Análisis literario: La Marsellesa | Cuento clásico explicado
Las relaciones humanas, eje que en ocasiones de poca o nula empatía se yergue ante la nada, dejan un vacío existencial cuando el objeto de la atención —otro ser humano— es incomprendido y menospreciado.
Si ese ser muere, entonces suelen sobresalir sus cualidades, las mismas que en vida nunca fueron apreciadas. Por otro lado, el protagonista logra la ansiada libertad, y esta vez sus compañeros tienen en cuenta su petición: el canto de La Marsellesa.

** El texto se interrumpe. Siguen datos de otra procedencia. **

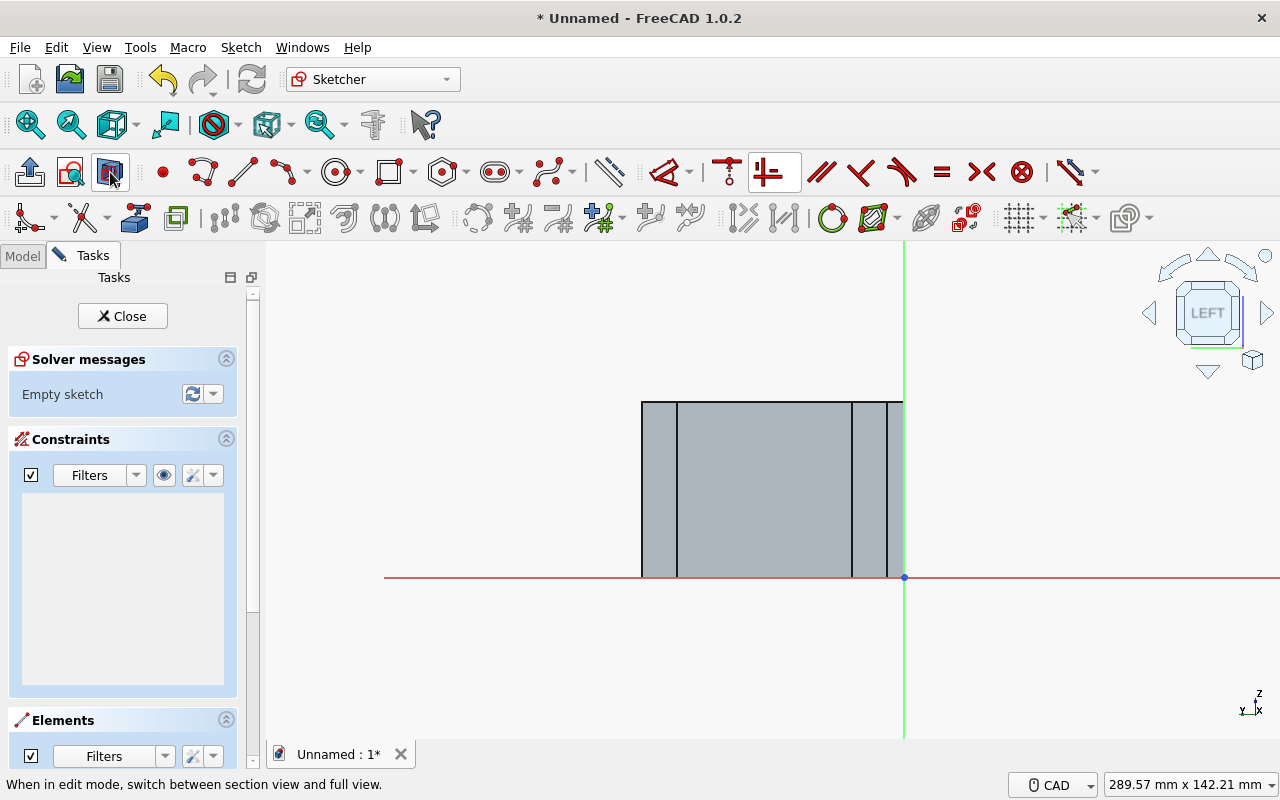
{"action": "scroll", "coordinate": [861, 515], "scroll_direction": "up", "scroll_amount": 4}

Este cuento, profundamente simbólico, aborda temas como la exclusión, la sensibilidad reprimida y el poder redentor del reconocimiento tardío. El personaje conocido como "Marranillo" encarna al ser humano inocente, temeroso y vulnerable, que es ridiculizado tanto por las autoridades como por sus propios compañeros, pese a que todos saben que es inocente.
Su sensibilidad, expresada en llanto constante y súplicas, no es comprendida ni valorada en un entorno donde la dureza parece ser la única defensa válida frente a la opresión.
La narrativa presenta un contraste deliberado entre las lágrimas "masculinas", ardientes como lava que deja huella, y las de Marranillo, vistas como inútiles, que solo empapan su pañuelo. Esta visión refleja un mundo que desprecia la fragilidad y condena a quienes no cumplen con un ideal de fuerza estoica. Sin embargo, es precisamente en su fragilidad donde reside la grandeza del personaje.
El punto de giro emocional se produce al final, cuando Marranillo, enfermo de tifus, delira con imágenes entrañables de su vida pasada: su madre, sus libros, su inocencia.
En su último momento de lucidez, expresa un deseo sencillo pero profundamente simbólico: que canten La Marsellesa sobre su tumba. Este acto, que sus compañeros cumplen, transforma su figura: de ser el objeto de burla, se convierte en un emblema de libertad, dignidad y humanidad.
La canción —símbolo de la Revolución Francesa y de la lucha contra la opresión— sirve como redención no solo para Marranillo, sino también para quienes lo despreciaron. En el acto colectivo de cantar, los compañeros recuperan su capacidad de sentir, de llorar, de reconocer la nobleza en aquel a quien antes rechazaron. Es un canto de despedida, pero también un grito de justicia y de reparación tardía.
La Marsellesa nos confronta con nuestras propias actitudes ante los débiles, los diferentes, los sensibles. Nos recuerda que muchas veces, como sociedad o como individuos, solo valoramos a los demás cuando ya es demasiado tarde. Pero también nos ofrece una posibilidad de redención: la de reconocer, aun al final, la luz en aquel que parecía insignificante.